Return-Path: <fluffy@cisco.com>
X-Original-To: codec@core3.amsl.com
Delivered-To: codec@core3.amsl.com
Received: from localhost (localhost [127.0.0.1]) by core3.amsl.com (Postfix) with ESMTP id 9B48B3A6CC0 for <codec@core3.amsl.com>; Fri, 1 Oct 2010 10:36:59 -0700 (PDT)
X-Virus-Scanned: amavisd-new at amsl.com
X-Spam-Flag: NO
X-Spam-Score: -110.415
X-Spam-Level:
X-Spam-Status: No, score=-110.415 tagged_above=-999 required=5 tests=[AWL=0.184, BAYES_00=-2.599, RCVD_IN_DNSWL_HI=-8, USER_IN_WHITELIST=-100]
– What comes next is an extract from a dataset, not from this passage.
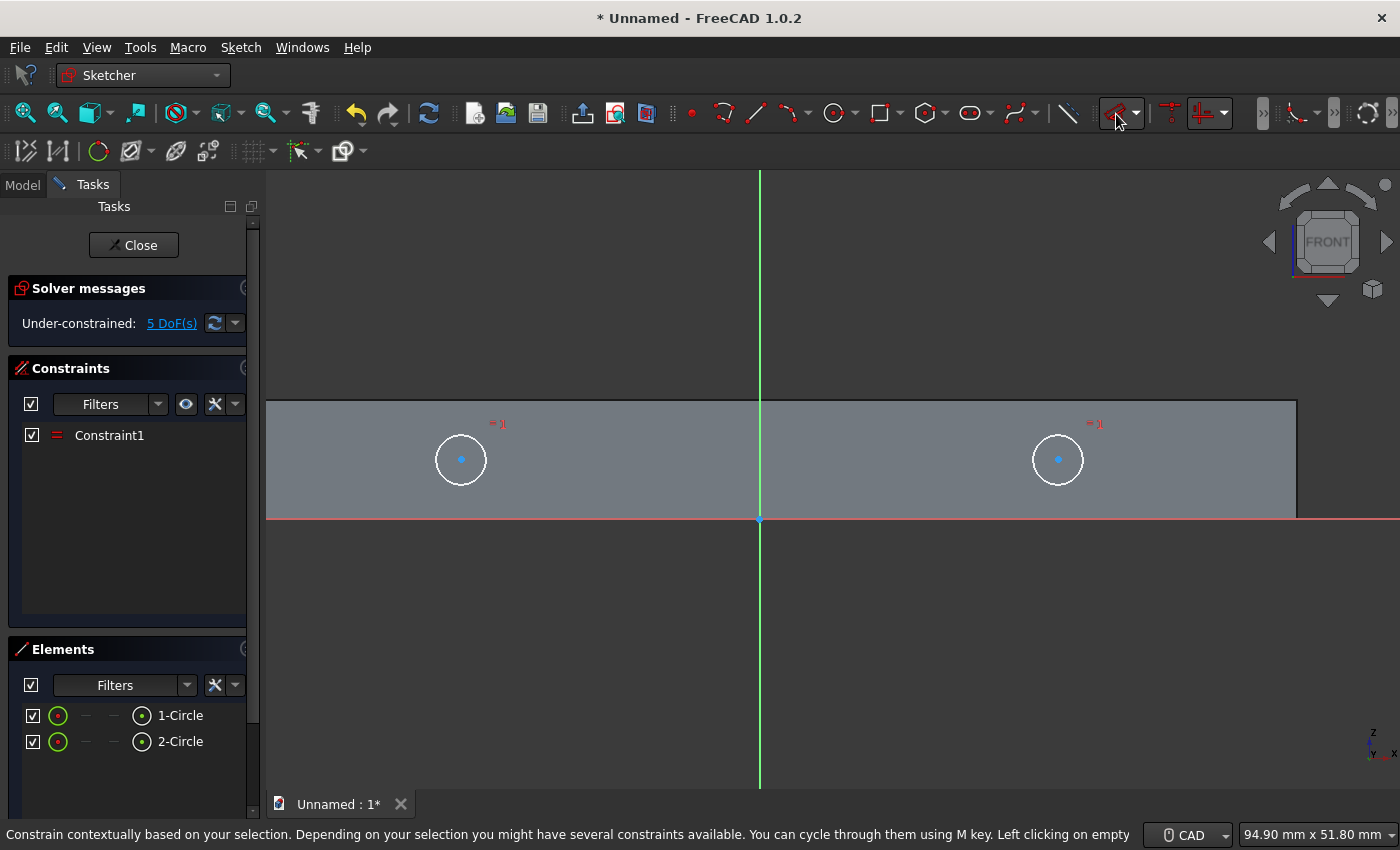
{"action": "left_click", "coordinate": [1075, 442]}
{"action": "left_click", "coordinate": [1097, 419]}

Received: from mail.ietf.org ([64.170.98.32]) by localhost (core3.amsl.com [127.0.0.1]) (amavisd-new, port 10024) with ESMTP id zh6787ejHGFx for <codec@core3.amsl.com>; Fri, 1 Oct 2010 10:36:58 -0700 (PDT)
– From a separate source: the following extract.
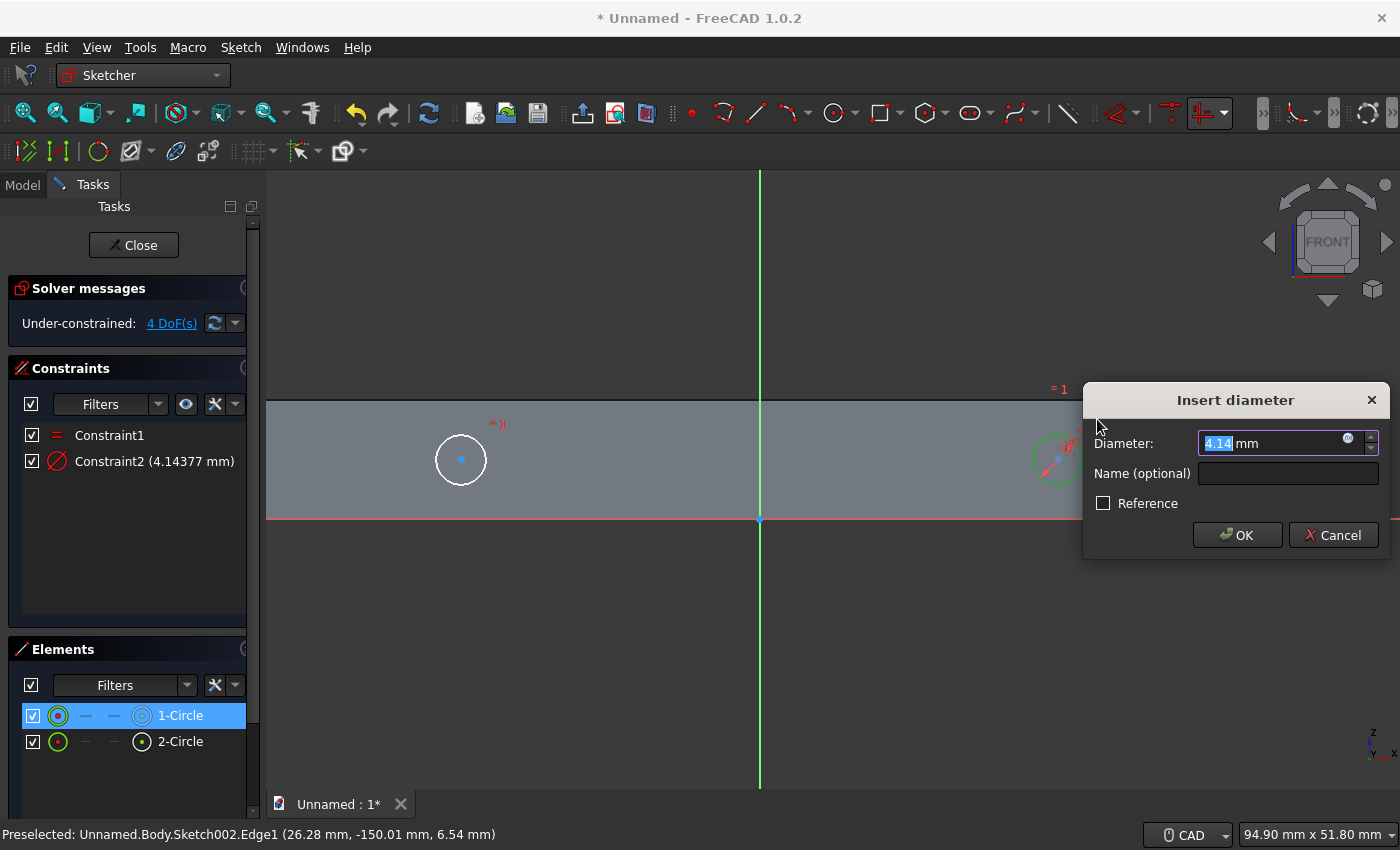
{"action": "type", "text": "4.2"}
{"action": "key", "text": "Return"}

Received: from sj-iport-1.cisco.com (sj-iport-1.cisco.com [171.71.176.70]) by core3.amsl.com (Postfix) with ESMTP id 0F1453A6918 for <codec@ietf.org>; Fri, 1 Oct 2010 10:36:58 -0700 (PDT)
Authentication-Results: sj-iport-1.cisco.com; dkim=neutral (message not signed) header.i=none
X-IronPort-Anti-Spam-Filtered: true
X-IronPort-Anti-Spam-Result: AvsEAGS5pUyrRN+K/2dsb2JhbACiN3GrVZw/hUQEhFGFa4MC
X-IronPort-AV: E=Sophos;i="4.57,267,1283731200"; d="scan'208";a="367274784"
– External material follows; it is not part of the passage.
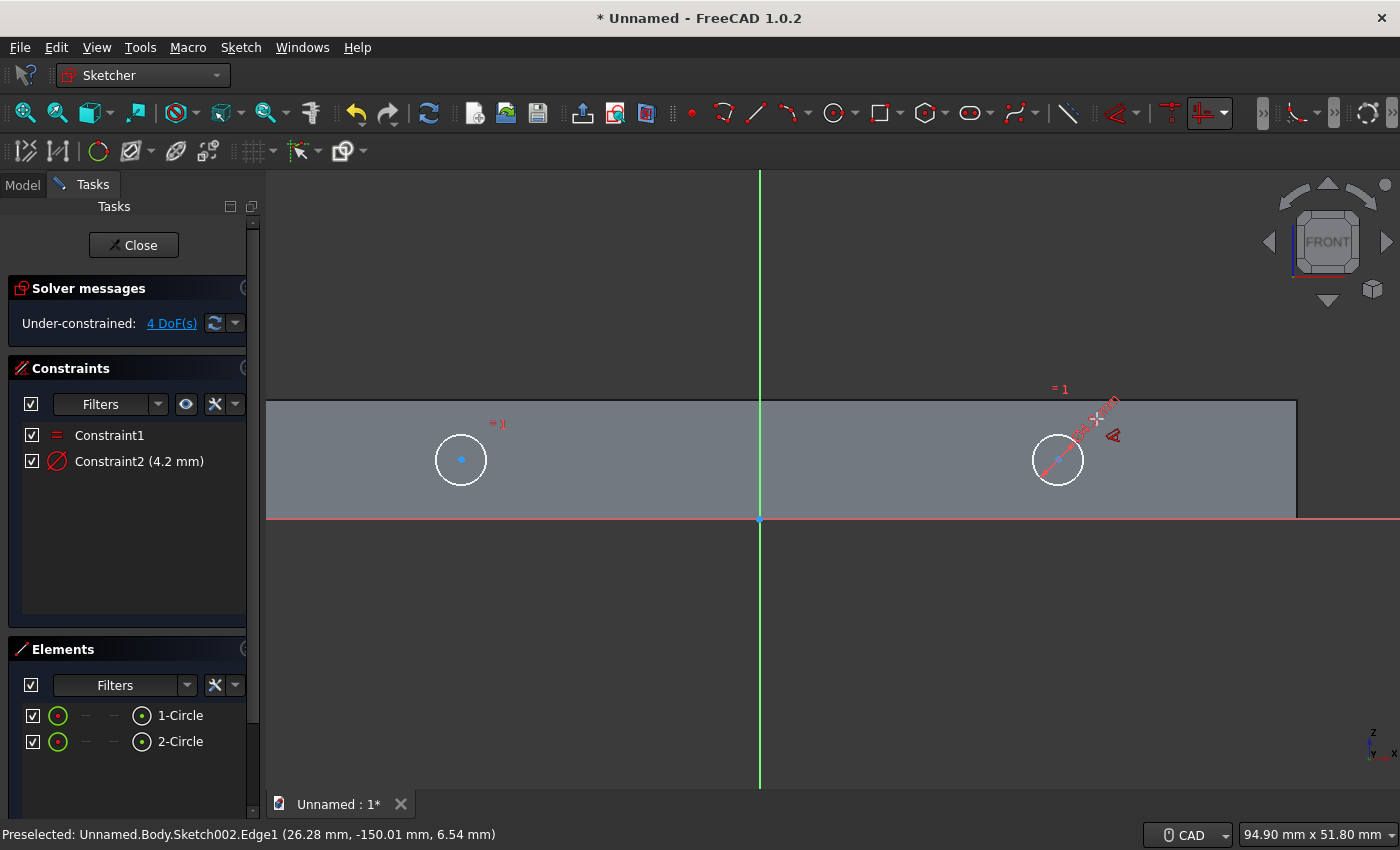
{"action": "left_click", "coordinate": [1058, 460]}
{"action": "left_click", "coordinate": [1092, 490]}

Received: from sj-core-4.cisco.com ([171.68.223.138]) by sj-iport-1.cisco.com with ESMTP; 01 Oct 2010 17:37:46 +0000
Received: from [192.168.4.2] (rcdn-fluffy-8711.cisco.com [10.99.9.18]) by sj-core-4.cisco.com (8.13.8/8.14.3) with ESMTP id o91HbjAi001687; Fri, 1 Oct 2010 17:37:45 GMT
Mime-Version: 1.0 (Apple Message framework v1081)
Content-Type: text/plain; charset="us-ascii"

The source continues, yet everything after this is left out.